Guest post by Phil Gerla, Geology & Geological Engineering

As we ride out the 48-foot crest of the 2019 Red River flood, the communities of Grand Forks and East Grand Forks can relax a little.

As described in an earlier post by Fred Remer (“The perfect melt“), the conditions since mid-March have been ideal for curtailing the spring flood — temperatures generally below normal, freezing at night that slows melting during the day, few storms, dry air masses that have sublimated the snow and sopped up much of the melt water.

In addition, the Corps of Engineers’ extensive flood protection work almost 20 years ago has provided great relief to our cities, which are now protected to 60 feet. Prior to the Corps’ work, a flood of 48 feet would have meant rapid construction of temporary clay dikes and a need for tens of thousands of sandbags . In fact, the 1979 flood, which reached only a few inches higher (48.8 feet) than this year’s crest required an extensive flood fight.

As a geologist, I tend to think in terms of deeper time and wonder about the nature of the Red’s spring runoff events since glacial Lake Agassiz drained from the Red River Valley about 9,000 years ago. We have, at best, a 150-year direct record of floods along the Red River, perhaps going back a little longer if we include the anecdotal observations from Winnipeg and old Fort Garry.

Clearly, there is only a miniscule record of river flows, covering less than 2% of the Red River’s history. Nevertheless, there have been many floods that we would consider as “large” during that short record, and as we experience large floods, their statistical recurrence time keeps getting shorter. It suggests that large floods, like that of 1997, may not be particularly uncommon during the millennial history of the Red.

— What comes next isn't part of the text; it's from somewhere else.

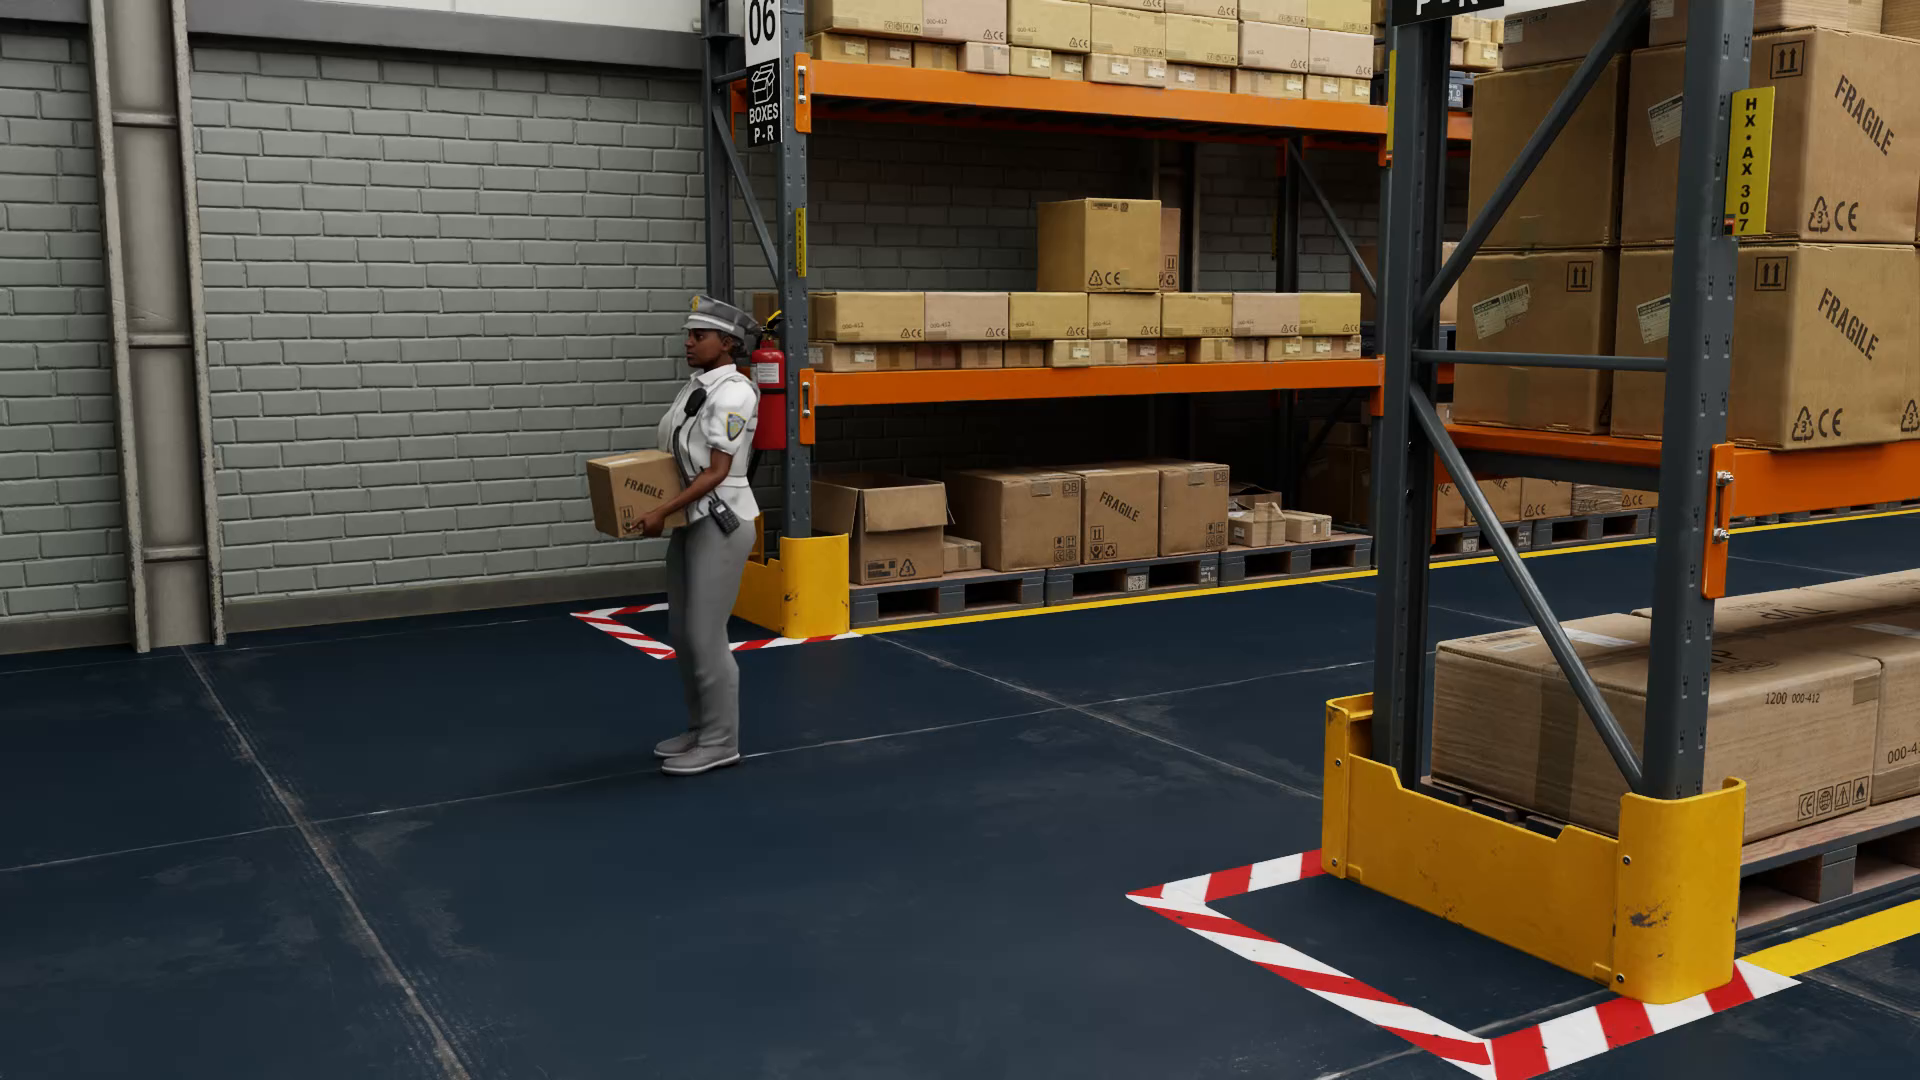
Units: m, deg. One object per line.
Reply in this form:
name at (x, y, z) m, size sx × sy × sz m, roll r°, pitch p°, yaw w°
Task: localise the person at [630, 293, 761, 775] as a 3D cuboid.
person at (-0.973, -0.026, 5.930) m, size 0.518 × 1.690 × 0.451 m, roll -5°, pitch 10°, yaw -30°

It raises the question: Combining all the perfectly bad conditions, just how large a flood could occur? Imagine an unusually wet summer and fall, soils fully saturated going into the winter, and an early, hard, and deep freeze sets in, rendering the ground impervious to spring melt. In addition, the region is hit with multiple blizzard “bomb cyclones” all winter and spring arrives with a vengeance — temperatures climb abruptly, melting the snow. To make matters worse, widespread heavy convective precipitation occurs at the same time. A nightmare scenario that’s highly improbable. But possible? Yes.

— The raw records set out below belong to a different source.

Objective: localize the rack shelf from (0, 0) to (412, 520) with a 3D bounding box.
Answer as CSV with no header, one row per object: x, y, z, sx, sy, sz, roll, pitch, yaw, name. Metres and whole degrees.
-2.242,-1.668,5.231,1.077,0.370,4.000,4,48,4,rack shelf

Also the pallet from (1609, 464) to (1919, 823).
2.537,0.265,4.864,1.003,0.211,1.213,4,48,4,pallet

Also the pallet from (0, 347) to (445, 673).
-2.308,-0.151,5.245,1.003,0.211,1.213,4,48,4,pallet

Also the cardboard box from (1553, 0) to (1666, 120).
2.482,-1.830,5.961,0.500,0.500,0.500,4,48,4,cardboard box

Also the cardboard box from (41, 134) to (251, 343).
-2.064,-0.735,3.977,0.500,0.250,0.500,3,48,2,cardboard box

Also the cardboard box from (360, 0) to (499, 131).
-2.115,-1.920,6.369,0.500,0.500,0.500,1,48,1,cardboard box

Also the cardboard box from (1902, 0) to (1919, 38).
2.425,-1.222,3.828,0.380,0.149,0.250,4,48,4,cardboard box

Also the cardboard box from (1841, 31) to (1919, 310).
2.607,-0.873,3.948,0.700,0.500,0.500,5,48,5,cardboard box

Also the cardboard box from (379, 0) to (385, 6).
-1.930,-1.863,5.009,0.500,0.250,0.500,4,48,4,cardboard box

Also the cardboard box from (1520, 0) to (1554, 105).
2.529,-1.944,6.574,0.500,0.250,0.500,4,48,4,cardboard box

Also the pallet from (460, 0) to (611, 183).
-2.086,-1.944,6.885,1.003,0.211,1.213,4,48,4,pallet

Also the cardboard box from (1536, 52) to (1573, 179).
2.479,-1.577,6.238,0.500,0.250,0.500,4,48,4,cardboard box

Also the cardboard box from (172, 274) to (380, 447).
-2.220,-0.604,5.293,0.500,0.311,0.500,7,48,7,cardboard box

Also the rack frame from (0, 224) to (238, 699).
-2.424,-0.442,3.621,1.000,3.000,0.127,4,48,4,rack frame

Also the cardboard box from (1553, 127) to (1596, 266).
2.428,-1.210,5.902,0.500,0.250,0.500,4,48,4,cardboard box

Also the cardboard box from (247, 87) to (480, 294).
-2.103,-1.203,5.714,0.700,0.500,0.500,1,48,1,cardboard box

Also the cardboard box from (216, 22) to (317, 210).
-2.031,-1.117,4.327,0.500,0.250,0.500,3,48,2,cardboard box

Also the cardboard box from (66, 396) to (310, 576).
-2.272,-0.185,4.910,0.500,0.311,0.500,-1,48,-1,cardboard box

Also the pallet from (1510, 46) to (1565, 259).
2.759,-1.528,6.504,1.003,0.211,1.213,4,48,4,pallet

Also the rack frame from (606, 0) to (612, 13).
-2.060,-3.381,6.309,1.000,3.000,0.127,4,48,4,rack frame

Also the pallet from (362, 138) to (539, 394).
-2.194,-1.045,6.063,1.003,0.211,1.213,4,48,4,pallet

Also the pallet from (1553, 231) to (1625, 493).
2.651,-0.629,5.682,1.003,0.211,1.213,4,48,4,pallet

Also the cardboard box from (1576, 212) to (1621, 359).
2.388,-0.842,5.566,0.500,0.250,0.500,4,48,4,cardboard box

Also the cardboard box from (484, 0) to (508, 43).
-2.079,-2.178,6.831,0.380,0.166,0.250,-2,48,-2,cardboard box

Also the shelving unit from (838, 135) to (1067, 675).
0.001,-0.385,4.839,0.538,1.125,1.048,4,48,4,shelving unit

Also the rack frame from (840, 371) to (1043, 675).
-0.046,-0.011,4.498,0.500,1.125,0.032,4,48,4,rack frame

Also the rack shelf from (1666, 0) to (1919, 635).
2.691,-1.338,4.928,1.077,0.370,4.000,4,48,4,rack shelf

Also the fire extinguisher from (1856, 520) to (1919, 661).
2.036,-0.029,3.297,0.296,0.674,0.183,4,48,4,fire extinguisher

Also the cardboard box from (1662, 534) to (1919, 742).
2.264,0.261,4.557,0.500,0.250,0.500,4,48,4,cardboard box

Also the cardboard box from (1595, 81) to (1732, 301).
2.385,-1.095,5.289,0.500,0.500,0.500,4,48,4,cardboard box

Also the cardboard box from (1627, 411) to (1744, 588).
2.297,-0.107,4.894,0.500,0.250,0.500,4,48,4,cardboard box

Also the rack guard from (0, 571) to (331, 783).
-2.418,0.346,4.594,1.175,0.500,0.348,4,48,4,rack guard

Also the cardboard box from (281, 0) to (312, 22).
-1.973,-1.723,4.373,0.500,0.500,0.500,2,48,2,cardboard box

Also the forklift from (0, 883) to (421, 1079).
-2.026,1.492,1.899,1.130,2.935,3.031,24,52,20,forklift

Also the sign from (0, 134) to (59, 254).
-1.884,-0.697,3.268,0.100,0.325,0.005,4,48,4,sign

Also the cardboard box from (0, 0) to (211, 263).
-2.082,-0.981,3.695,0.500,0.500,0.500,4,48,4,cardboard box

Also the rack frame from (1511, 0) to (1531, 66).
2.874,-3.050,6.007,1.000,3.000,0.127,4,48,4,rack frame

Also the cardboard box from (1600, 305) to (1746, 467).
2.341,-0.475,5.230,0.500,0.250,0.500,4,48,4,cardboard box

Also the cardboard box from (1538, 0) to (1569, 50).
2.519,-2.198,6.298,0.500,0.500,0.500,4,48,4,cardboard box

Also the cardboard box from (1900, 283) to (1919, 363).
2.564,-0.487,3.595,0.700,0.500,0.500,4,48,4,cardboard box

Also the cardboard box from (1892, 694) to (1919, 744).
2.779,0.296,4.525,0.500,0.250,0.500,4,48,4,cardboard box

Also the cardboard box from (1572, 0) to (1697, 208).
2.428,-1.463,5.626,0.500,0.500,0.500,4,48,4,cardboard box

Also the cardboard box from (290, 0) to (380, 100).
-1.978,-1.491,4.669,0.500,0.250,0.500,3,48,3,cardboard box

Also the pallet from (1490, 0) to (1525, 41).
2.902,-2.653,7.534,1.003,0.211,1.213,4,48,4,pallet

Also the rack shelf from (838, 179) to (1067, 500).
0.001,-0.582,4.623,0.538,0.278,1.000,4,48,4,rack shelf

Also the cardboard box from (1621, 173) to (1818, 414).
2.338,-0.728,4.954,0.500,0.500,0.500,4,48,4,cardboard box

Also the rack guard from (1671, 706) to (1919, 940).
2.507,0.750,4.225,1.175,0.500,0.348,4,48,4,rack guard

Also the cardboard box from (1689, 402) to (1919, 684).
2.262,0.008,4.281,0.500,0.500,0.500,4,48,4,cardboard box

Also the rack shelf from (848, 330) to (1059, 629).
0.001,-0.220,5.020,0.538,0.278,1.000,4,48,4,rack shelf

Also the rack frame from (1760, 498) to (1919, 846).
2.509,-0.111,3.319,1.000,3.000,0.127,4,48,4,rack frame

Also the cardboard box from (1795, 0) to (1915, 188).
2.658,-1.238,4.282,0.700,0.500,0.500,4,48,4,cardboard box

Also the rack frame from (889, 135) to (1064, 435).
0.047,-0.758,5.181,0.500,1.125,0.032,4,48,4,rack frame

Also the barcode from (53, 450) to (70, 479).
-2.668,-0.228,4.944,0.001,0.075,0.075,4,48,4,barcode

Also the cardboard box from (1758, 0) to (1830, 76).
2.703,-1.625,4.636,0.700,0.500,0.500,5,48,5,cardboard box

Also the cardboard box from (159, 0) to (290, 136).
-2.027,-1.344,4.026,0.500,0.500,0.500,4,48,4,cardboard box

In 2008, John Costa and Robert Jarrett, two world-class flood experts, published a fascinating report that describes their thorough analysis of 30 extreme floods that occurred in the U.S. during the mid-20th century. They pored through the U.S. Geological Survey and local agency records, many of which were never published and remained hidden in dusty filing cabinets. Their goal was to find and characterize exceptional floods for watersheds of all sizes, from a square mile or two to hundreds of thousands of square miles, and see if there is any consistent upper limit on flood size. After either verifying, correcting, or refuting data, Costa and Jarrett tabulated and graphed the results, which showed a clear trend in the upper bound for these monster floods. Their graph, reproduced here, shows records from all over the nation.

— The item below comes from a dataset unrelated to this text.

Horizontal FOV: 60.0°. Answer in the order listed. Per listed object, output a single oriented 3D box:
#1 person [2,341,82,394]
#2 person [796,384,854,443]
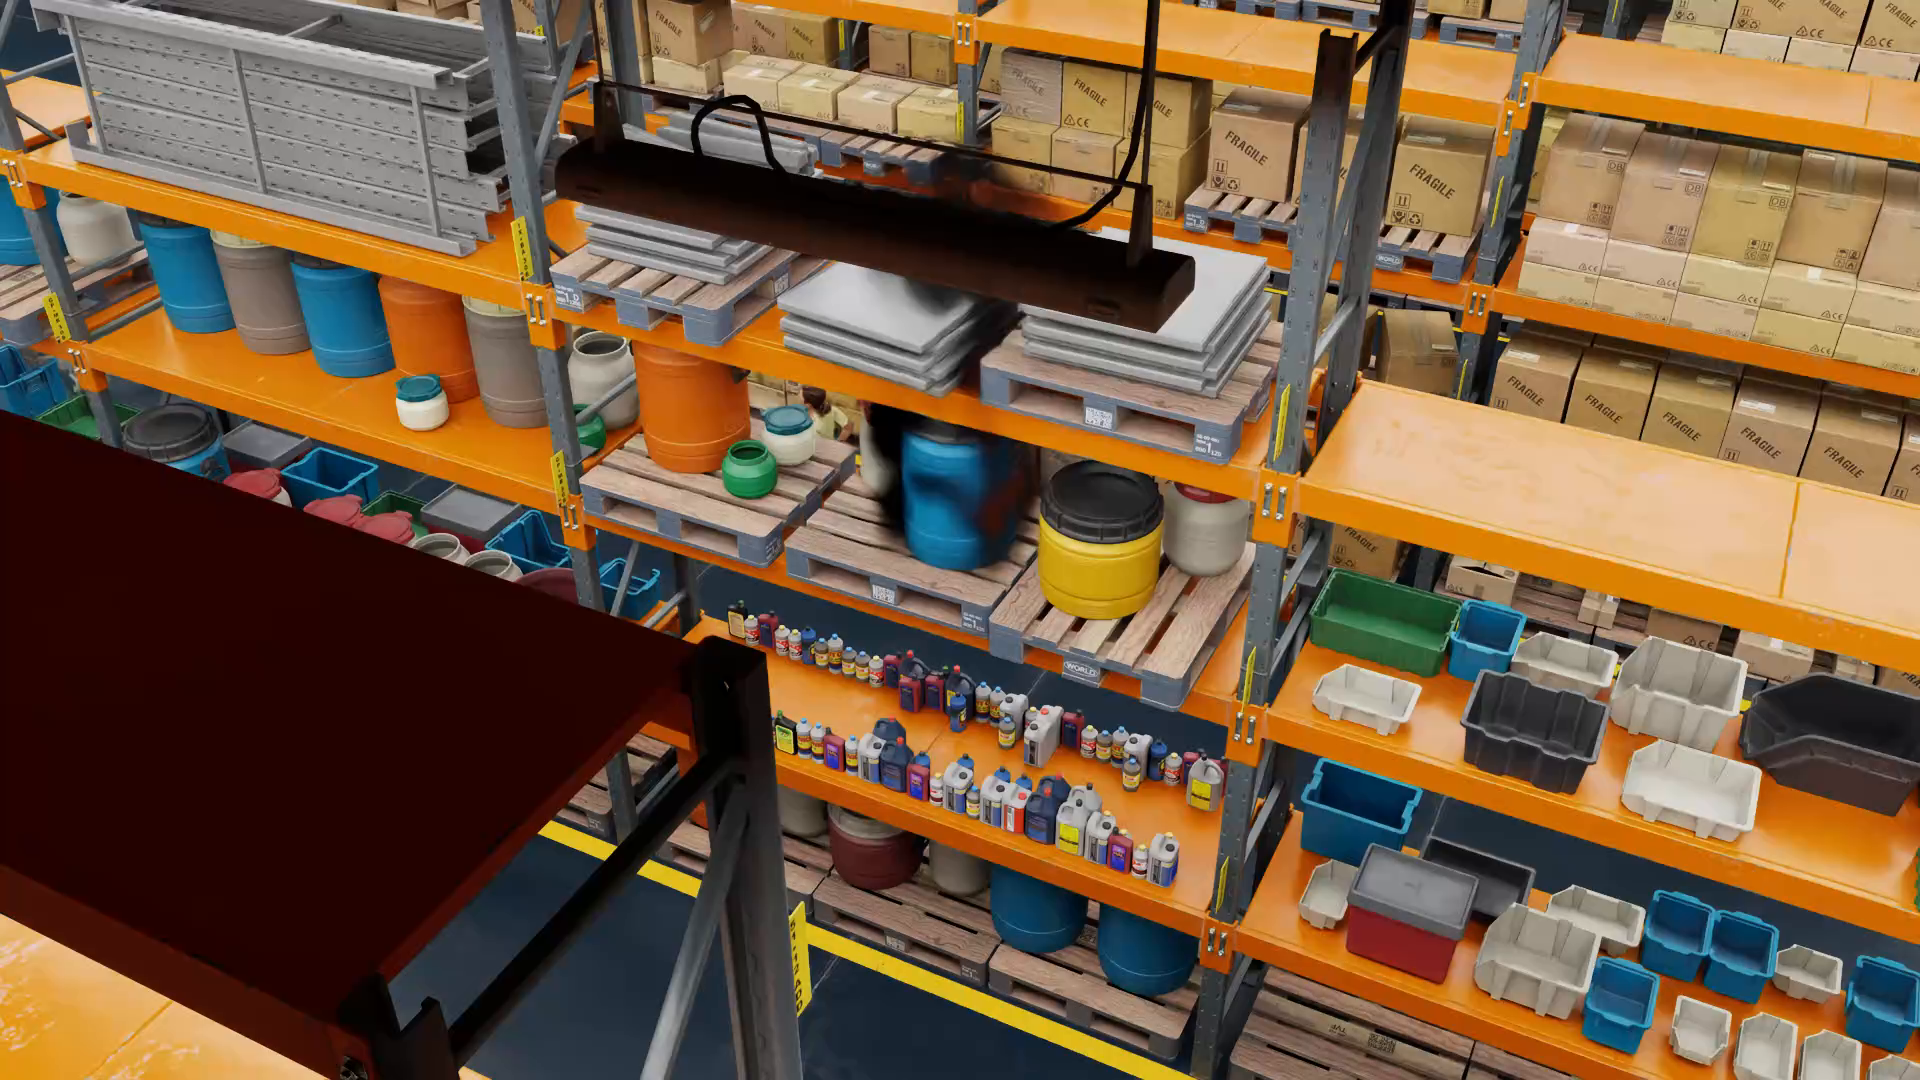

The contributing area or watershed that lies above Grand Forks is roughly 26,000 square miles. Interpolation of the graph suggests that one of these extreme events in the Red River basin would result in a peak discharge of about 1,000,000 cubic feet per second (cfs). That’s roughly an astounding seven times the peak flow estimated for the 1997 flood (137,000 cfs). A humbling observation!

A wide range of landscapes and climates covers the U.S., so each region may have its own characteristic curve. Perhaps the Red’s is not so bad? True, but the smooth pattern on the graph suggests that differences across the country do not greatly influence these extraordinary floods . Furthermore, our place in the mid-continent with its crazy weather might mean that our region’s curve lies a little higher compared to other areas. Regardless, an extreme event would certainly be devastating to the region, as it would be anywhere. The chances of its occurrence are extremely remote, fortunately, but underscore the fact that flood protection is not flood proofing —  the potential for future large floods means we need to stay aware and vigilant.